ABOUT THIS TASK: Report the number of lines in these entries that contain "minus". Write only the number.

━━━ MATERIAL TO PROCESS

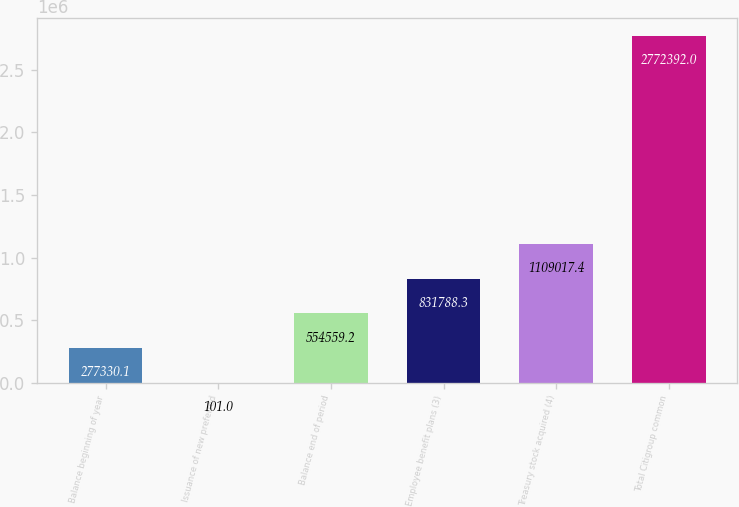<chart> <loc_0><loc_0><loc_500><loc_500><bar_chart><fcel>Balance beginning of year<fcel>Issuance of new preferred<fcel>Balance end of period<fcel>Employee benefit plans (3)<fcel>Treasury stock acquired (4)<fcel>Total Citigroup common<nl><fcel>277330<fcel>101<fcel>554559<fcel>831788<fcel>1.10902e+06<fcel>2.77239e+06<nl></chart> 
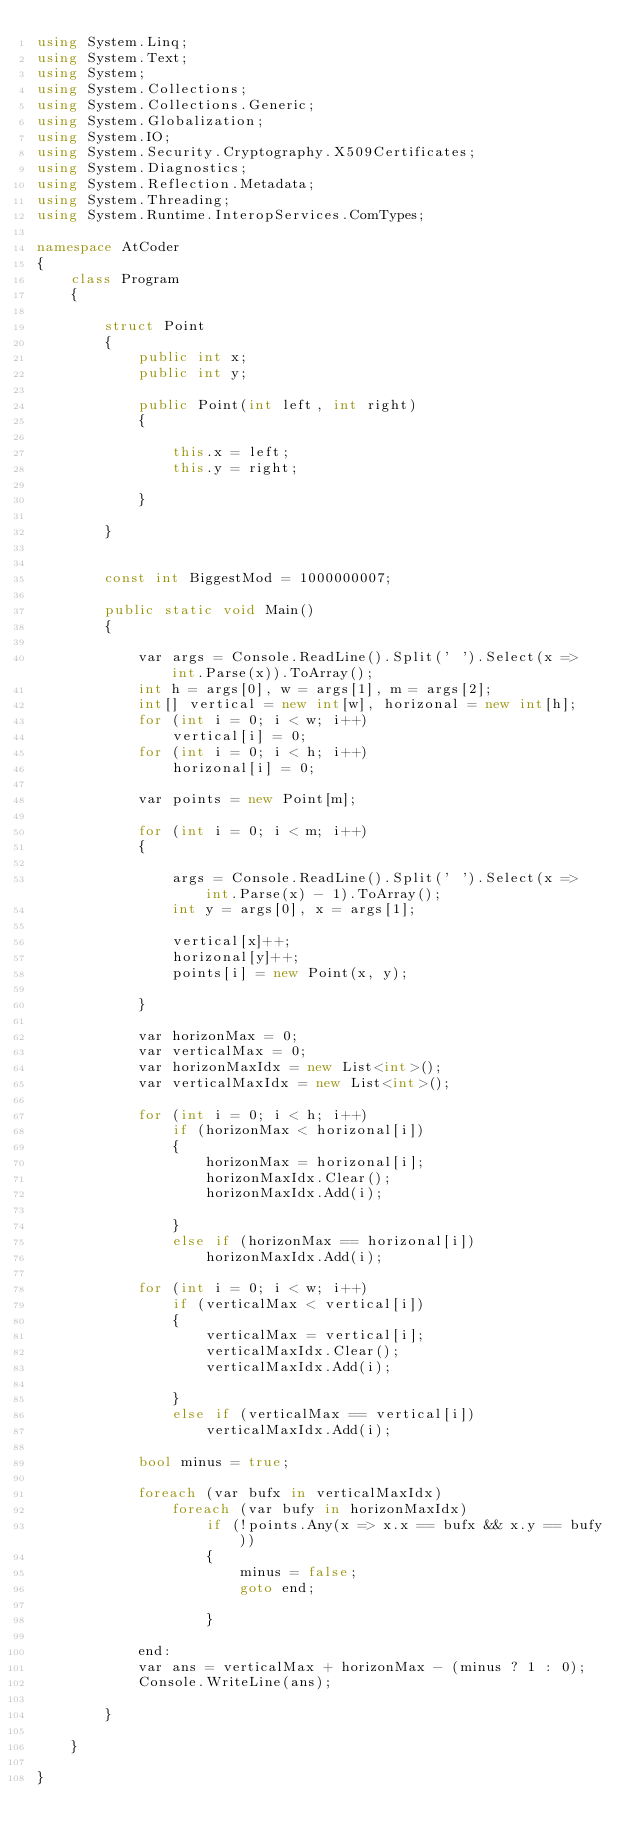<code> <loc_0><loc_0><loc_500><loc_500><_C#_>using System.Linq;
using System.Text;
using System;
using System.Collections;
using System.Collections.Generic;
using System.Globalization;
using System.IO;
using System.Security.Cryptography.X509Certificates;
using System.Diagnostics;
using System.Reflection.Metadata;
using System.Threading;
using System.Runtime.InteropServices.ComTypes;

namespace AtCoder
{
    class Program
    {

        struct Point
        {
            public int x;
            public int y;

            public Point(int left, int right)
            {

                this.x = left;
                this.y = right;

            }

        }


        const int BiggestMod = 1000000007;

        public static void Main()
        {

            var args = Console.ReadLine().Split(' ').Select(x => int.Parse(x)).ToArray();
            int h = args[0], w = args[1], m = args[2];
            int[] vertical = new int[w], horizonal = new int[h];
            for (int i = 0; i < w; i++)
                vertical[i] = 0;
            for (int i = 0; i < h; i++)
                horizonal[i] = 0;

            var points = new Point[m];

            for (int i = 0; i < m; i++)
            {

                args = Console.ReadLine().Split(' ').Select(x => int.Parse(x) - 1).ToArray();
                int y = args[0], x = args[1];

                vertical[x]++;
                horizonal[y]++;
                points[i] = new Point(x, y);

            }

            var horizonMax = 0;
            var verticalMax = 0;
            var horizonMaxIdx = new List<int>();
            var verticalMaxIdx = new List<int>();

            for (int i = 0; i < h; i++)
                if (horizonMax < horizonal[i])
                {
                    horizonMax = horizonal[i];
                    horizonMaxIdx.Clear();
                    horizonMaxIdx.Add(i);

                }
                else if (horizonMax == horizonal[i])
                    horizonMaxIdx.Add(i);

            for (int i = 0; i < w; i++)
                if (verticalMax < vertical[i])
                {
                    verticalMax = vertical[i];
                    verticalMaxIdx.Clear();
                    verticalMaxIdx.Add(i);

                }
                else if (verticalMax == vertical[i])
                    verticalMaxIdx.Add(i);

            bool minus = true;

            foreach (var bufx in verticalMaxIdx)
                foreach (var bufy in horizonMaxIdx)
                    if (!points.Any(x => x.x == bufx && x.y == bufy))
                    {
                        minus = false;
                        goto end;

                    }

            end:
            var ans = verticalMax + horizonMax - (minus ? 1 : 0);
            Console.WriteLine(ans);

        }

    }

}</code> 
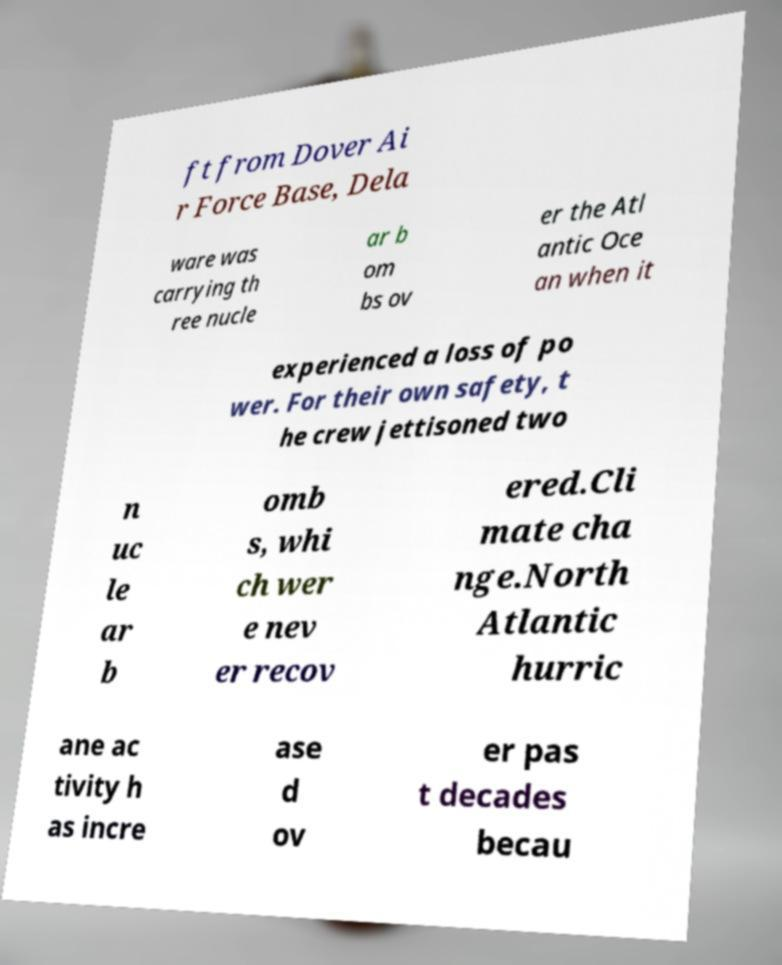Could you extract and type out the text from this image? ft from Dover Ai r Force Base, Dela ware was carrying th ree nucle ar b om bs ov er the Atl antic Oce an when it experienced a loss of po wer. For their own safety, t he crew jettisoned two n uc le ar b omb s, whi ch wer e nev er recov ered.Cli mate cha nge.North Atlantic hurric ane ac tivity h as incre ase d ov er pas t decades becau 
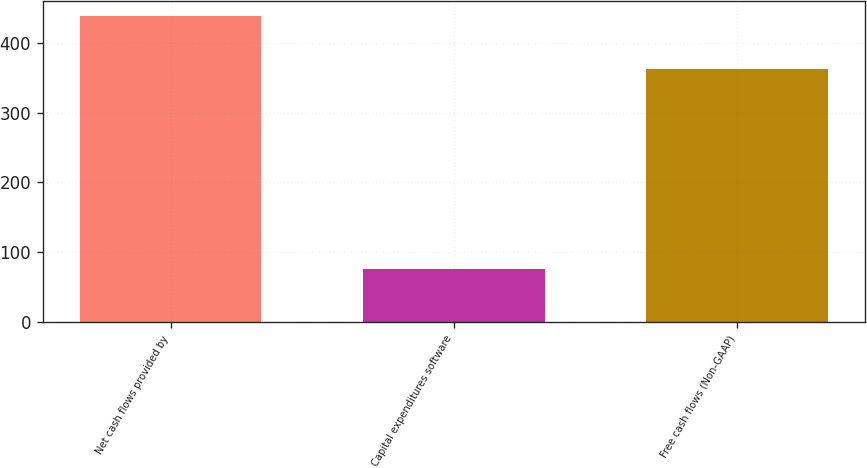Convert chart to OTSL. <chart><loc_0><loc_0><loc_500><loc_500><bar_chart><fcel>Net cash flows provided by<fcel>Capital expenditures software<fcel>Free cash flows (Non-GAAP)<nl><fcel>437.7<fcel>75.5<fcel>362.2<nl></chart> 
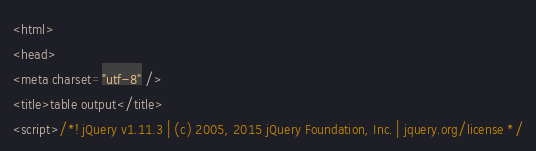Convert code to text. <code><loc_0><loc_0><loc_500><loc_500><_HTML_><html>
<head>
<meta charset="utf-8" />
<title>table output</title>
<script>/*! jQuery v1.11.3 | (c) 2005, 2015 jQuery Foundation, Inc. | jquery.org/license */</code> 
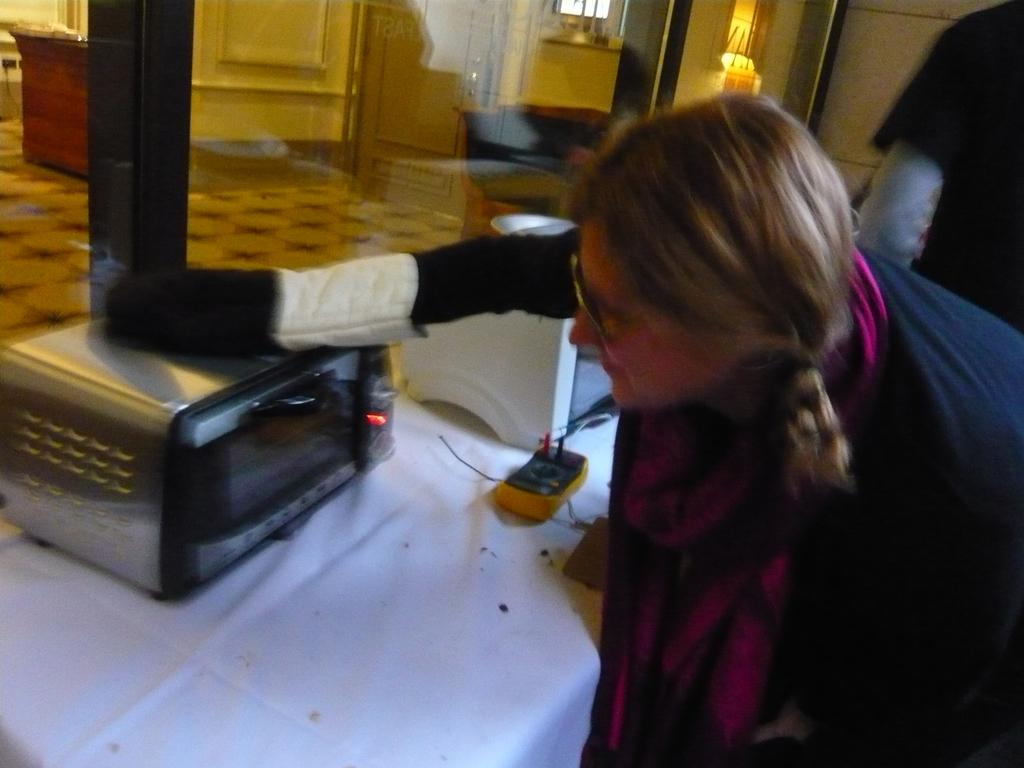Who is present in the picture? There is a woman in the picture. What is on the table in the picture? There are micro ovens on the table. What type of window can be seen in the picture? There is a glass window in the picture. What architectural feature is present on the wall? There is a door on the wall. What advice does the woman give to the plant in the picture? There is no plant present in the picture, so the woman cannot give advice to a plant. 
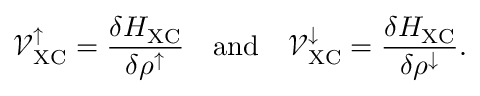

━━━━━━

WRITTEN REPLY: 3